Lawrence returned to his family home in Middletown, Maryland at the end of October. Within the next month he received a letter from Colonel Bayler to return to his former regiment to assist Bayler at Petersburg, Virginia. Before leaving he married Anna Maria "Mary Anna" Beckenbaugh, in Middletown, Maryland.

==Life After the War==
Following his service in the war, he became ordained as a minister in the Methodist church. He married Anna Maria Beckenbaugh (Later went by Mary Ann Everhart) in April 1782 in Middletown, Frederick County, Maryland. To this union were born 10 Children, 9 of whom were listed in Sgt. Everhart's Pension : record and Will. They were

1. Wilhelm "William" Everhart (1783-1870) married Miss Nancy Lowden on 27 April 1821 in Jefferson County, Indiana

2. Elizabeth Everhart (B: 1784) married a Mr.
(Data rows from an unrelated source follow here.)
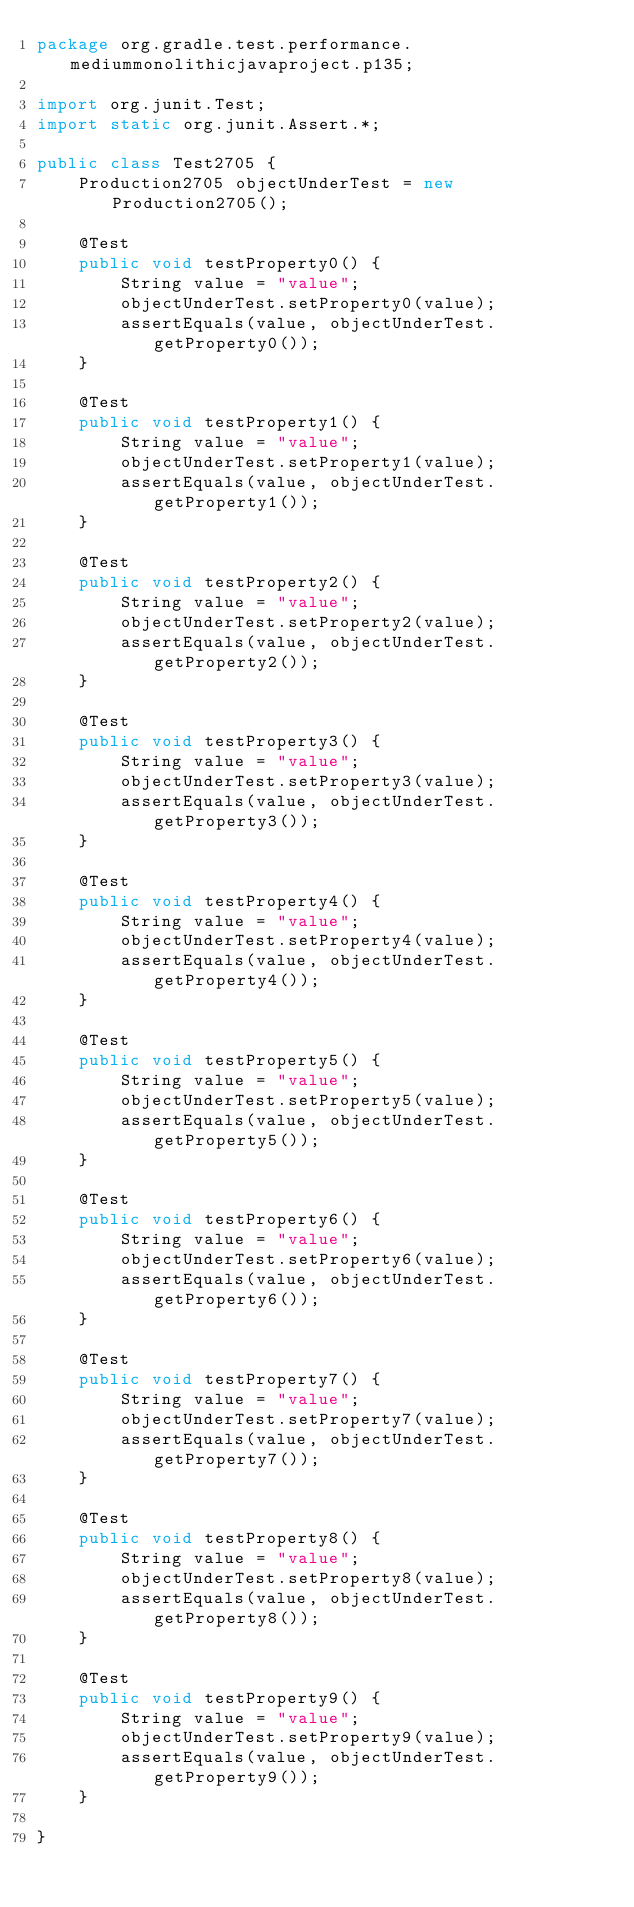<code> <loc_0><loc_0><loc_500><loc_500><_Java_>package org.gradle.test.performance.mediummonolithicjavaproject.p135;

import org.junit.Test;
import static org.junit.Assert.*;

public class Test2705 {  
    Production2705 objectUnderTest = new Production2705();     

    @Test
    public void testProperty0() {
        String value = "value";
        objectUnderTest.setProperty0(value);
        assertEquals(value, objectUnderTest.getProperty0());
    }

    @Test
    public void testProperty1() {
        String value = "value";
        objectUnderTest.setProperty1(value);
        assertEquals(value, objectUnderTest.getProperty1());
    }

    @Test
    public void testProperty2() {
        String value = "value";
        objectUnderTest.setProperty2(value);
        assertEquals(value, objectUnderTest.getProperty2());
    }

    @Test
    public void testProperty3() {
        String value = "value";
        objectUnderTest.setProperty3(value);
        assertEquals(value, objectUnderTest.getProperty3());
    }

    @Test
    public void testProperty4() {
        String value = "value";
        objectUnderTest.setProperty4(value);
        assertEquals(value, objectUnderTest.getProperty4());
    }

    @Test
    public void testProperty5() {
        String value = "value";
        objectUnderTest.setProperty5(value);
        assertEquals(value, objectUnderTest.getProperty5());
    }

    @Test
    public void testProperty6() {
        String value = "value";
        objectUnderTest.setProperty6(value);
        assertEquals(value, objectUnderTest.getProperty6());
    }

    @Test
    public void testProperty7() {
        String value = "value";
        objectUnderTest.setProperty7(value);
        assertEquals(value, objectUnderTest.getProperty7());
    }

    @Test
    public void testProperty8() {
        String value = "value";
        objectUnderTest.setProperty8(value);
        assertEquals(value, objectUnderTest.getProperty8());
    }

    @Test
    public void testProperty9() {
        String value = "value";
        objectUnderTest.setProperty9(value);
        assertEquals(value, objectUnderTest.getProperty9());
    }

}</code>

Jackson and moved later to Indiana.

3. Jacob Everhart (1786-1854) married Miss Elizabeth "Lizzie" Tope on 5 June 1819 in Jefferson County, Ohio.

4. Mary Everhart (B: 1788)

5. Nancy Everhart (B: 1790)

6. Anna Margaret Everhart (1790-1870) married Reverend Thomas Larkin (Anna is not mentioned in Lawrence's will but Thomas is.)

7. Reverend John C. Everhart (1791-1860) possibly married Miss Mary Jane Jaques (1800-1833)

8. Catherine Everhart (1793- Bef. June 1839) married Joseph Nickum on 7 December 1815 in Frederick County, Maryland. Joseph and Catherine moved to Jefferson County, Indiana at the same time Elizabeth and Mr. Jackson did. Catherine would die in Madison, Jefferson County, Indiana leaving 9 children behind.

9. Sarah Ann Everhart (1796-1882) married Henry R. Smeltzer in Frederick County, Maryland.

10. George Everhart (B: 1798)

In 1833, Rev. Everhart retired to his home near Middletown, Maryland where he resided until his death on 2 August 1840.